NOTE: It's important to know that fread and fwrite functions take four parameters as input:
- A memory address
- Number of bytes to read
- Number of blocks
- A file variable
Program to create a binary file in C
#include<stdio.h>
int main()
{
/* Create a new file */
int a = 5;
FILE *fp = fopen ("myfile.bin", "wb");
if (fp == NULL)
return -1;
fwrite (&a, sizeof (a), 1, fp);
fclose (fp);
return 0;
}
Program to read a binary file in C
#include <stdio.h>
#include <ctype.h>
int main() {
FILE *fp;
struct marks {
char name[50];
int age;
float percentage;
} m;
fp = fopen("myfile.bin", "rb");
if (fp == NULL) {
puts("Couldn’t able to open this file.");
return 1;
}
while (fread(&m, sizeof(m), 1, fp) == 1) {
printf("\n%s \t %d \t $%.2f\n", m.name, m.age, m.percentage);
}
fclose(fp);
return 0;
}
Program to write a binary file in C
#include <stdio.h>
int main()
{
FILE *fp;
struct marks {
char name[50];
int age;
float percentage;
} m;
fp = fopen("myfile.bin", "wb");
if (fp == NULL)
{
puts("Couldn’t able to open this file.");.");
return 1;
}
m.name=”Varshith”;
m.age=19;
m.percentage=98.9;
fwrite(&m, sizeof(m), 1, fp);
fclose(fp);
return 0;
}
Some problems with the binary files
A software can check for valid input values if the expected range of values for the data is known. Sometimes, additional information about the data can be used to prevent it. However, if not, there is typically no way to check. It's common for bytes written in one format to be wrongly read in by another. You must confirm that the software and the data file are compatible.

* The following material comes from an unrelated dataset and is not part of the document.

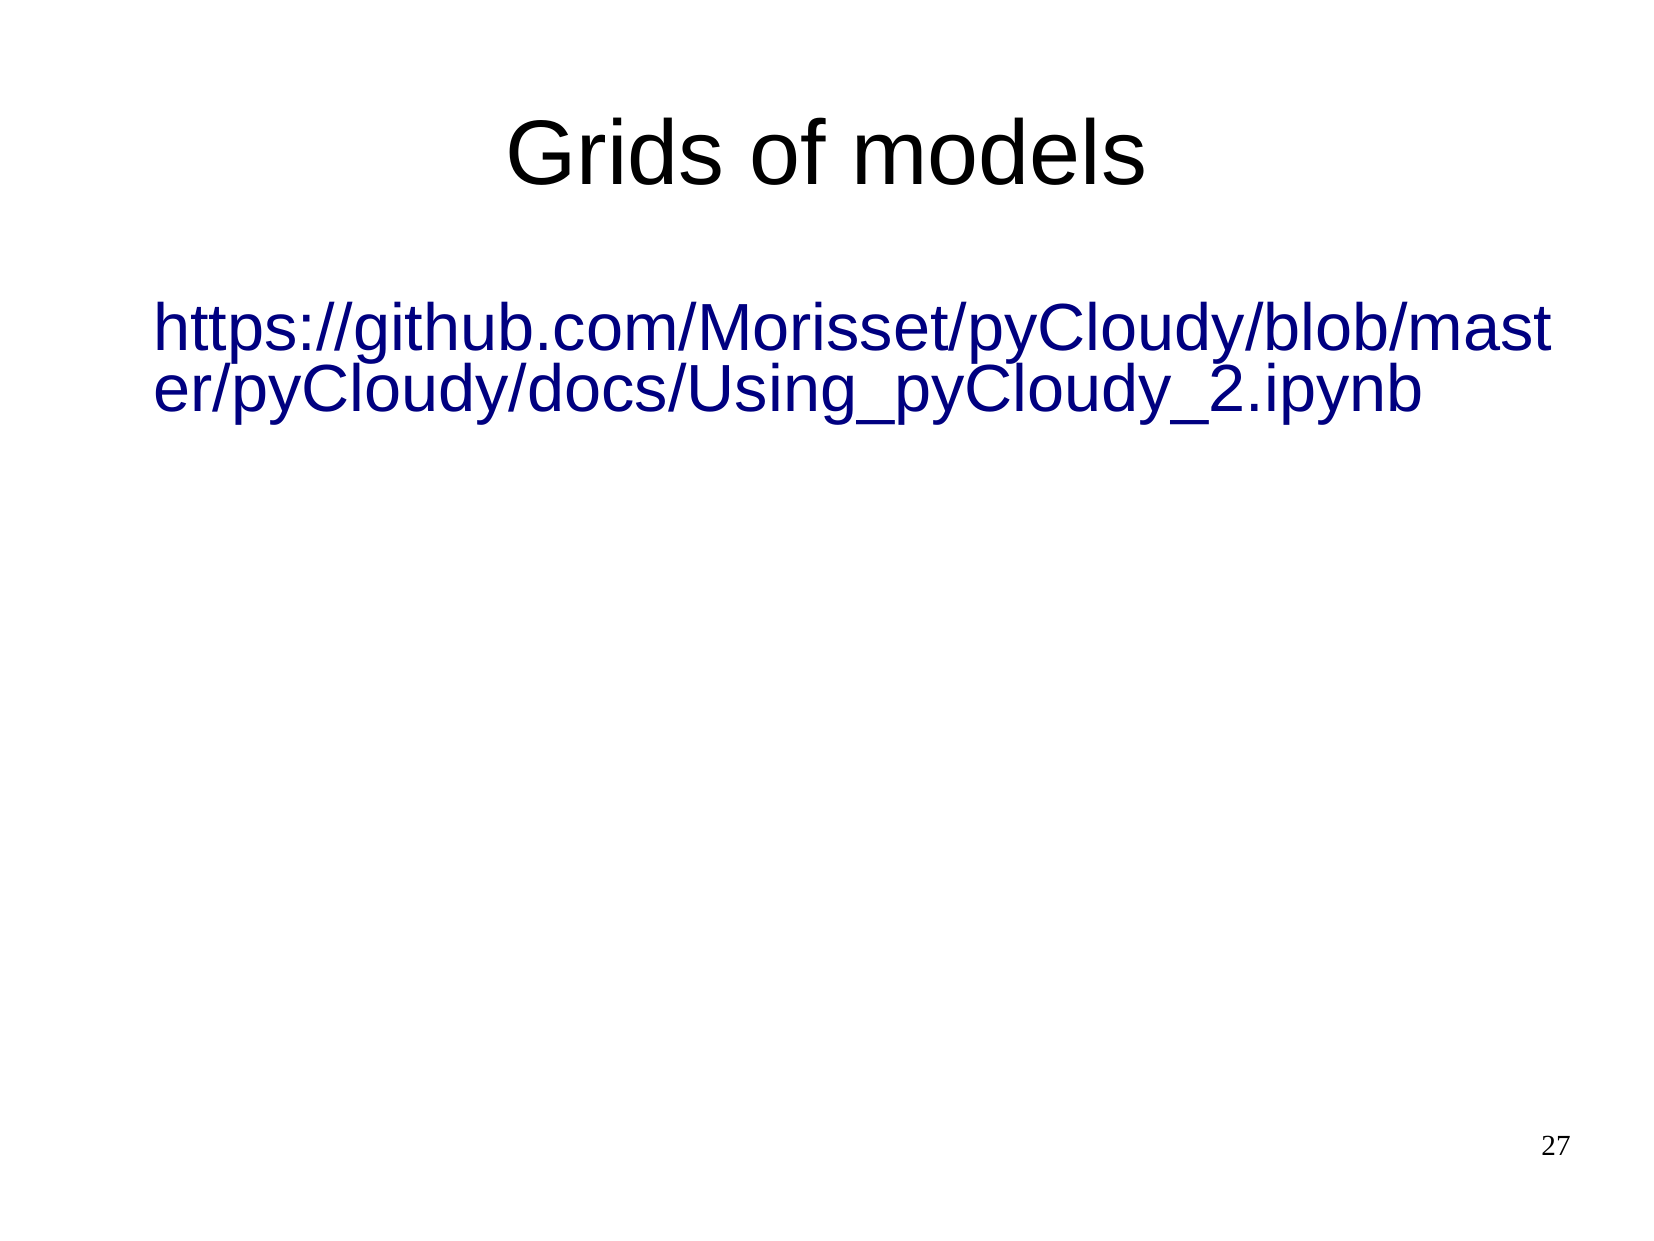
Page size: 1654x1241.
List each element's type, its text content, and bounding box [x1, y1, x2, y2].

title Grids of models [82, 49, 1571, 257]
list https://github.com/Morisset/pyCloudy/blob/master/pyCloudy/docs/Using_pyCloudy_2.ipynb [82, 290, 1571, 1010]

This is a typical programming issue. Some files dated back many years and were produced using ill-documented software on outdated systems. It frequently takes some hard work to figure out how to understand them.
A file usually has a header that describes its contents. For instance, picture files frequently use this. When reading a file, a program examines the header to make sure it is what is expected. It is typical for the header to contain extra details like the time it was made and the software version that created it, among other things.
Also, knowing the header's format is now necessary, which could provide another issue. Many file headers begin with a few bytes of code that describe the format that the file's remaining bytes will take. GIF picture files, etc.
Conclusion
Up to this point, we have discussed about binary files, their importance, the difference between text and binary files, their usage and how to create a binary file, how to read a binary file, how to write to a binary file and various other modes.